Photo by Tim Bradbury/Getty Images

COLLEGE BASKETBALL HAS been here before.

Exactly 50 seasons ago, the late Lefty Driesell's Maryland Terrapins were one of the best teams in the country. They rose as high as No. 2 in the national rankings and played NC State for that year's Atlantic Coast Conference title in Greensboro, North Carolina. They dropped that game in an epic overtime struggle, 103-100, to the eventual national champions.

But that generational Maryland squad featuring the likes of Len Elmore, John Lucas and Tom McMillen would never face the other powers of the day--UCLA, Marquette, Notre Dame, etc. -- in the NCAA tournament because there were no at-large invitations to what was then a Not-Nearly-As-Big-A-Dance. Never a fan of NCAA bureaucrats, Driesell groused that no way would seven-time defending champion UCLA be excluded from the 25-team field under similar circumstances (the Pac-8 had no postseason tourney, so the point was moot).

Four years earlier, another iconic coach, Marquette's Al McGuire, told the NCAA to take a hike when tournament organizers slotted the No. 8 Warriors for the Midwest Region in Fort Worth, Texas, instead of the Mideast Region in much nearer Dayton, Ohio. Marquette opted instead to play in the equally prestigious NIT, knocking off St. John's at Madison Square Garden to win that title.

The sport's power brokers were facing an existential crisis in the 1970s. How could the NCAA rightly crown a champion when its own tournament didn't include all the best teams? One immediate remedy was the creation of a rule that banned any school invited to an NCAA postseason championship from participating in a competing event.

The rest of the NCAA's answer came in the form of incremental change. The 1975 tournament grew from 25 to 32 teams, allowing for a second bid for up to seven conferences. That move paid off just one year later when Big Ten rivals Indiana and Michigan collided in the title game and the Hoosiers capped the sport's last perfect season. The tourney field reached 40 teams by 1980, 52 by 1983 and the bracket of 64 -- with no limit on the number of at-large selections from a single conference -- becoming a fixture in 1985.

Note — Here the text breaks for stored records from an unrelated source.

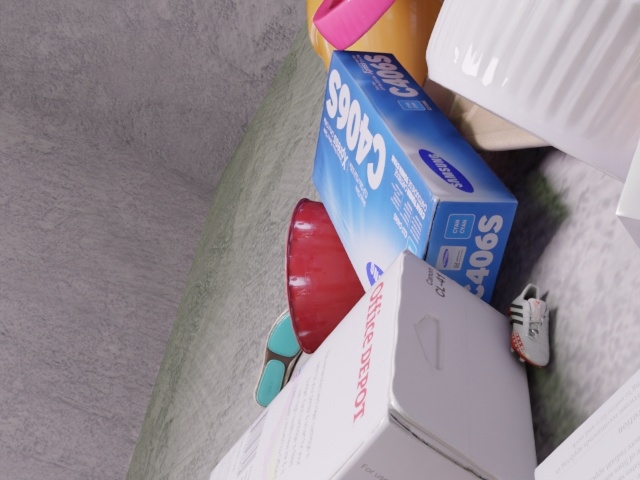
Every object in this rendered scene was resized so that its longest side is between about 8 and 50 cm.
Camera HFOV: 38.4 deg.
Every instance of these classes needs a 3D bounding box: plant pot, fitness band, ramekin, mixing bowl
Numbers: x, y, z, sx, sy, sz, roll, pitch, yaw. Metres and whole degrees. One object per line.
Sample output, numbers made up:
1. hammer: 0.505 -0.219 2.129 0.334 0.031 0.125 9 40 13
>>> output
1. plant pot: 0.086 -0.242 1.202 0.205 0.205 0.188 132 142 -55
2. fitness band: 0.093 -0.312 1.001 0.209 0.054 0.291 -32 20 39
3. ramekin: 0.166 -0.112 0.582 0.109 0.207 0.207 -62 14 12
4. mixing bowl: 0.031 0.038 1.051 0.181 0.098 0.181 -3 -90 -75

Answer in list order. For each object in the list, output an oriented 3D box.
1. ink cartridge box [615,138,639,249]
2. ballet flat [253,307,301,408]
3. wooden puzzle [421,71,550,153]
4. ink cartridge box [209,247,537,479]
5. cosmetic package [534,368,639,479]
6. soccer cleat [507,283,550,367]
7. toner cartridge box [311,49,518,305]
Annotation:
1. ink cartridge box: 0.193 -0.036 0.431 0.061 0.181 0.104 15 80 33
2. ballet flat: -0.061 0.170 1.380 0.052 0.057 0.168 -100 34 -84
3. wooden puzzle: 0.226 -0.222 0.841 0.322 0.080 0.348 -68 18 -2
4. ink cartridge box: 0.019 0.192 0.714 0.306 0.131 0.226 -50 12 26
5. cosmetic package: 0.169 0.170 0.389 0.231 0.085 0.117 -87 22 -50
6. soccer cleat: 0.163 0.065 0.707 0.083 0.029 0.036 -82 14 -61
7. toner cartridge box: 0.074 -0.051 0.906 0.348 0.075 0.165 -115 28 -56
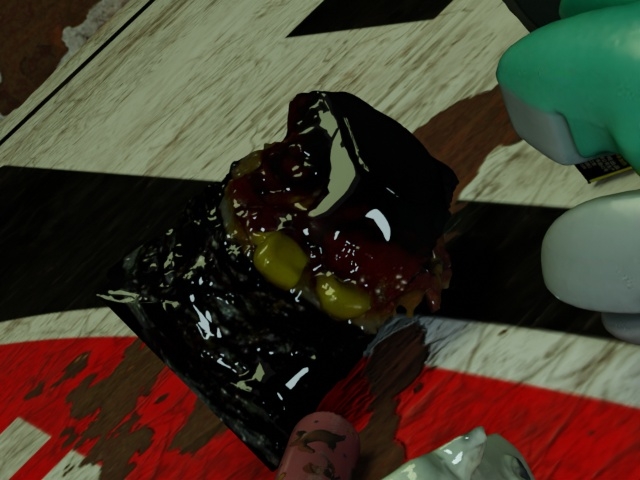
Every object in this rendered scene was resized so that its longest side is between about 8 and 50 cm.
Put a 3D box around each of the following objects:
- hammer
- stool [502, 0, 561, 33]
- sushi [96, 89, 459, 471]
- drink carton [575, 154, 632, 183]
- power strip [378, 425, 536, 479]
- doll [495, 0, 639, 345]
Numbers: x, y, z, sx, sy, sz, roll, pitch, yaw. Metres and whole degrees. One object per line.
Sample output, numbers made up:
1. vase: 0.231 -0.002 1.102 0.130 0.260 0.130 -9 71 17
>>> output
1. hammer: -0.002 0.122 0.979 0.043 0.043 0.083 -33 16 23
2. stool: 0.210 -0.283 1.068 0.310 0.310 0.226 -14 31 50
3. sushi: 0.000 0.000 1.087 0.172 0.153 0.150 -32 -18 -53
4. drink carton: 0.204 -0.090 1.033 0.166 0.056 0.071 -21 30 47
5. power strip: -0.019 0.164 0.832 0.270 0.046 0.118 -35 -13 19
6. doll: 0.190 -0.033 0.821 0.195 0.153 0.258 -25 33 -9

Minor changes aside, there has been peace in the Division I men's basketball kingdom for the better part of four decades. Even the First Four, which came about in 2011 and grew the field to 68 teams, has been accepted by the masses. Fans and bracketologists alike still quibble over the last few selections and some seedings, but no reasonable observer believes that any potential champions are being excluded.

Today's crisis is different. The evolution of major intercollegiate athletics is threatening one of the most universally loved sporting events on earth. As major college football schools continue to chase every dollar, a break-off from the masses -- including a separate basketball championship -- seems like a distinct possibility. What could be more capitalistic than a tournament featuring every power conference member? Or, worse, a tournament featuring only power conference members?